Three months later, Grant won a national reputation during a major Union victory at Fort Donelson, Tennessee, by sending an ultimatum to the beleaguered enemy: “No terms except immediate and unconditional surrender can be accepted.” A popular joke turned his initials into “Unconditional Surrender” Grant.
Three of the ranking Confederate generals at the fort agreed to surrender, but Nathan Forrest challenged their decision. He had not come out to fight in order to surrender, Forrest said, and after dark he led five hundred of his men to safety.
Grant knew that he had been lucky in his opposition. From observing Gideon Pillow in Mexico, Grant considered him especially inept. When he learned that Pillow, now a Confederate general, had also slipped away on a small boat, Grant said he was happy to see him go. Pillow would be more useful to the North by fighting for the rebels than he would have been as a prisoner of war.
• • •
The following year, Grant learned that he was less surefooted politically than on the battlefield.
By December 1862, he had become frustrated by persistent smuggling and speculation in cotto
n supplies within his command. He understood that President Lincoln wanted to revive trade in captured areas as a way to win back Southern loyalty. But as a result, merchants were swearing allegiance to the Union, then using their profits to keep the Confederate army from collapse.
Drawing on random examples and hearsay, Grant issued a blunt decree:
“The Jews, as a class violating every regulation of trade established by the Treasury Department and also department orders, are hereby expelled from the department within twenty-four hours from the receipt of this order.”
Grant’s General Order No. 11 covered the territory from Cairo, Illinois, south to northern Mississippi and from the Mississippi River to the Tennessee River. Grant warned that any Jews returning to the area would be arrested and jailed, then expelled as prisoners.
Grant did not want to listen to appeals. He forbade the issuing of permits to “these people” to visit headquarters for personal applications.

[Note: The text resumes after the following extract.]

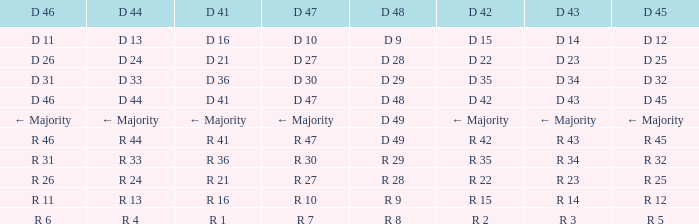Name the D 47 when it has a D 48 of d 49 and D 42 of r 42 R 47. 
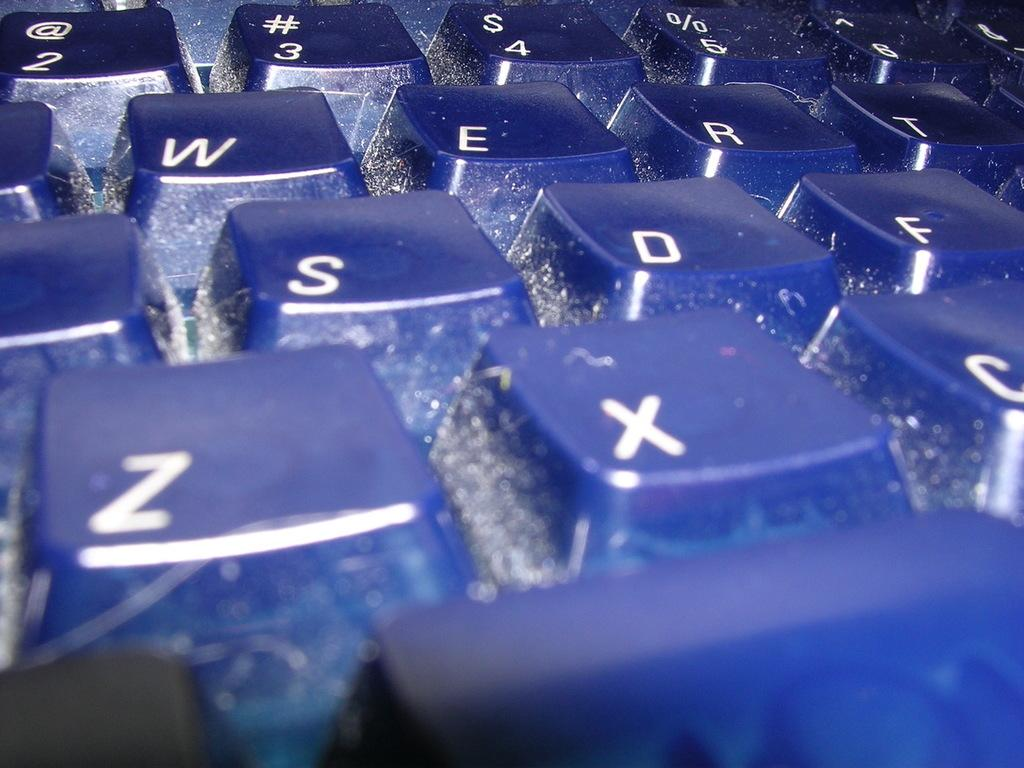Provide a one-sentence caption for the provided image. A close up of blue keys including the Z and X keys.

To underscore his determination, Grant had wired to a subordinate: “Refuse all permits to come south of Jackson for the present. The Israelites especially should be kept out.”
In protesting their banishment, Jews got assistance from an unexpected quarter. Hours after Grant issued his decree, Nathan Forrest swept down on Grant’s rear supply area north of Jackson, Tennessee, cutting telegraph lines and tearing up fifty miles of Mobile & Ohio railroad track.
The attack surprised Grant, and during Forrest’s raid his men outfought the far larger Union forces and left behind twenty-five hundred casualties.
By the time Grant’s telegram could reach Paducah, Kentucky, one of the Jews marked for expulsion had already ridden to Washington, secured an interview with the president, and informed him of Grant’s decree. At once, Lincoln directed General Henry Halleck to rescind it.